Tak,jutro wielki dzień!Trzymamy Gabrysiu mocno kciuki za powodzenie całej akcji...!

 

Trzymamy!!!

Nie mogę się doczekać pierwszych relacji Hani po przyjeździe psiaczków!!!

  • Upvote 1
Posted

Dziękuje anecik,wstawiłam na pierwszą stronę,udało się.

Trzymajmy mocno kciuki za TZ szafirki aby bezpiecznie dojechał z psiakami do domu.U nas mocno sypie śnieg.Idę odśnieżać.
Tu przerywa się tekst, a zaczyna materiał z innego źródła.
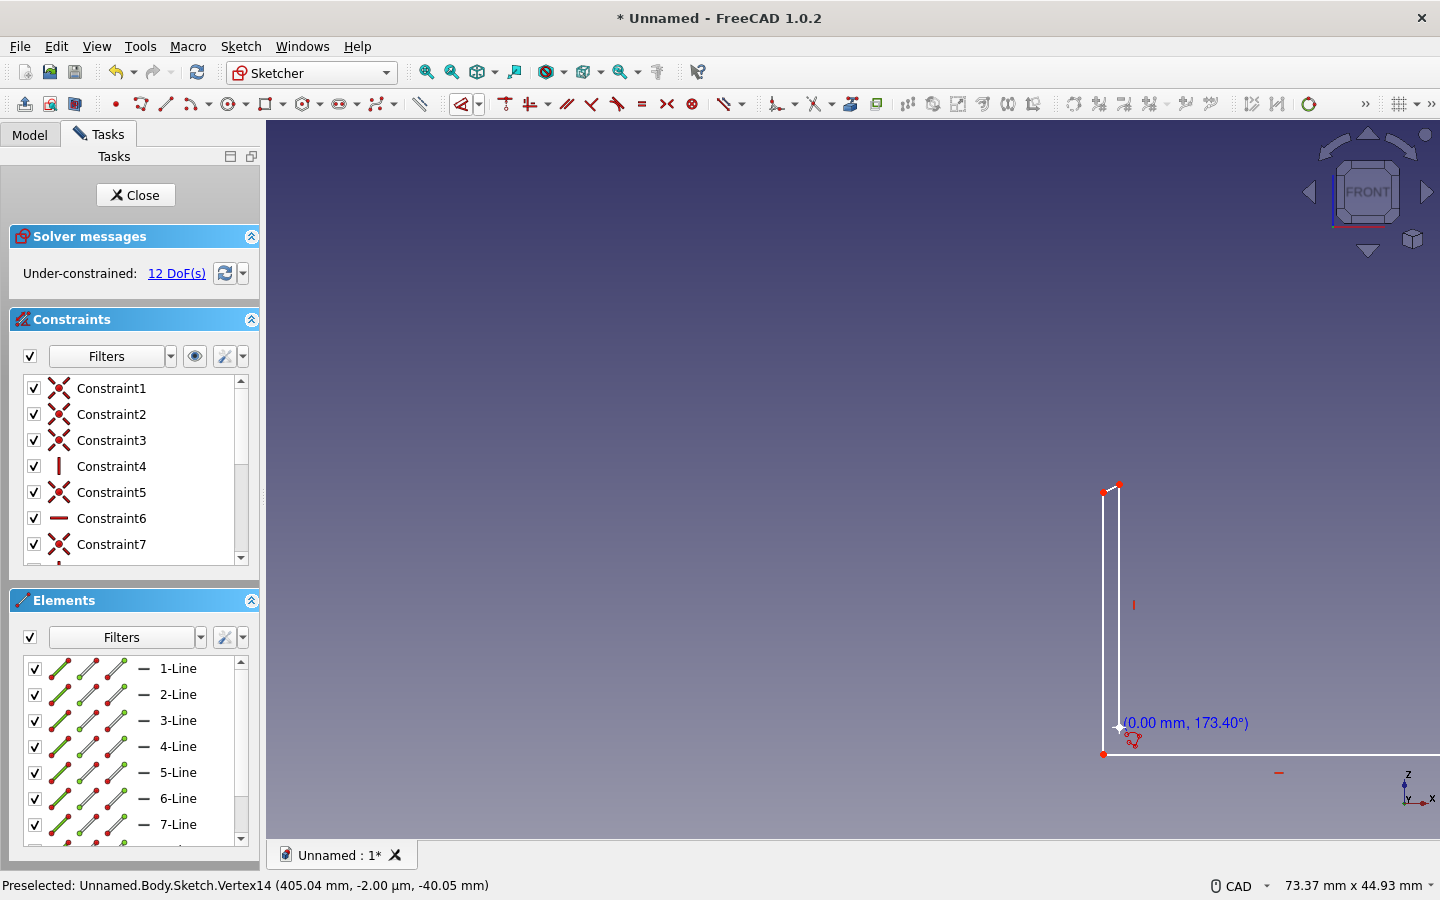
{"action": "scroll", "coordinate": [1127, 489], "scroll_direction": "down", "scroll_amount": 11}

Wynikł problem.TZ szafirki jest w Schronisku.Oli nie nadaje się do zabrania.Jest psem agresywnym.Hania nie może takiego psiaka przyjąć,ponieważ nie ma klatek,psy przebywają w domu.Uzgodniłam na szybko,że TZ rozejrzy się za jakimś psiakiem z dłuższą sierścią i jeżeli będzie taki weźmie go w zamian Olinka.

  • Upvote 1
Posted
48 minut temu, Poker napisał:

Biedny Oli. Pewnie ze strachu gryzie. Szansa na adopcję bez doświadczonego DT marna.

Że też wcześniej nie powiedzieli Toli o tym.

Szkoda psiatka, ale inny za to dostanie szansę

Posted

Kochani sytuacja w schronisku była niemal dramatyczna w wyniku czego Oli został, a za zgodą Anuli pojechała sunia, której zdjęcie przed chwilą wkleiła. Oli okazał się bardzo agresywny, pracownicy powiedzieli, że jest taki wobec ludzi. Obawiam się, że to był zbieg wielu okoliczności. Mało brakowało, a mój TZ wyszedłby w ogóle bez psiaków, ponieważ zdenerwowani pracownicy wypraszali ich ze schronu, zrobiło się nerwowe zamieszanie. Udało się tyle, że dwie sunie z jednego boksu (te na zdjęciach) dalej będą razem w hoteliku. Mam nadzieję, że będziecie na wątku terierkowatej dziewczynki, która podobno jest bardzo kochana, przytulaśna i potrzebująca człowieka. Może Tola będzie szczególnie obserwować Olivierka i następnym razem zrobimy kolejne podejście do wyciągnięcia właśnie jego.

Posted

pisze z telefonu. Jestem w pracy i aż się poryczałam. Biedny Oli pewnie agresja wynika ze strachu. Nie znam się nigdy nie miałam do czynienia z agresywnym psem. Kilka dni temu Bogusia pytala o te właśnie kosmatą sunieczke i los sprawil ze to ona jedzie do Hani. Dwa kochane słoneczka!!! Trzymam kciuki za podróż!!!

Posted

O nie .... szkoda Olinka. Fajnie że inna psinka pojedzie do szafirki ale on TAM jest bez szansy na adopcję.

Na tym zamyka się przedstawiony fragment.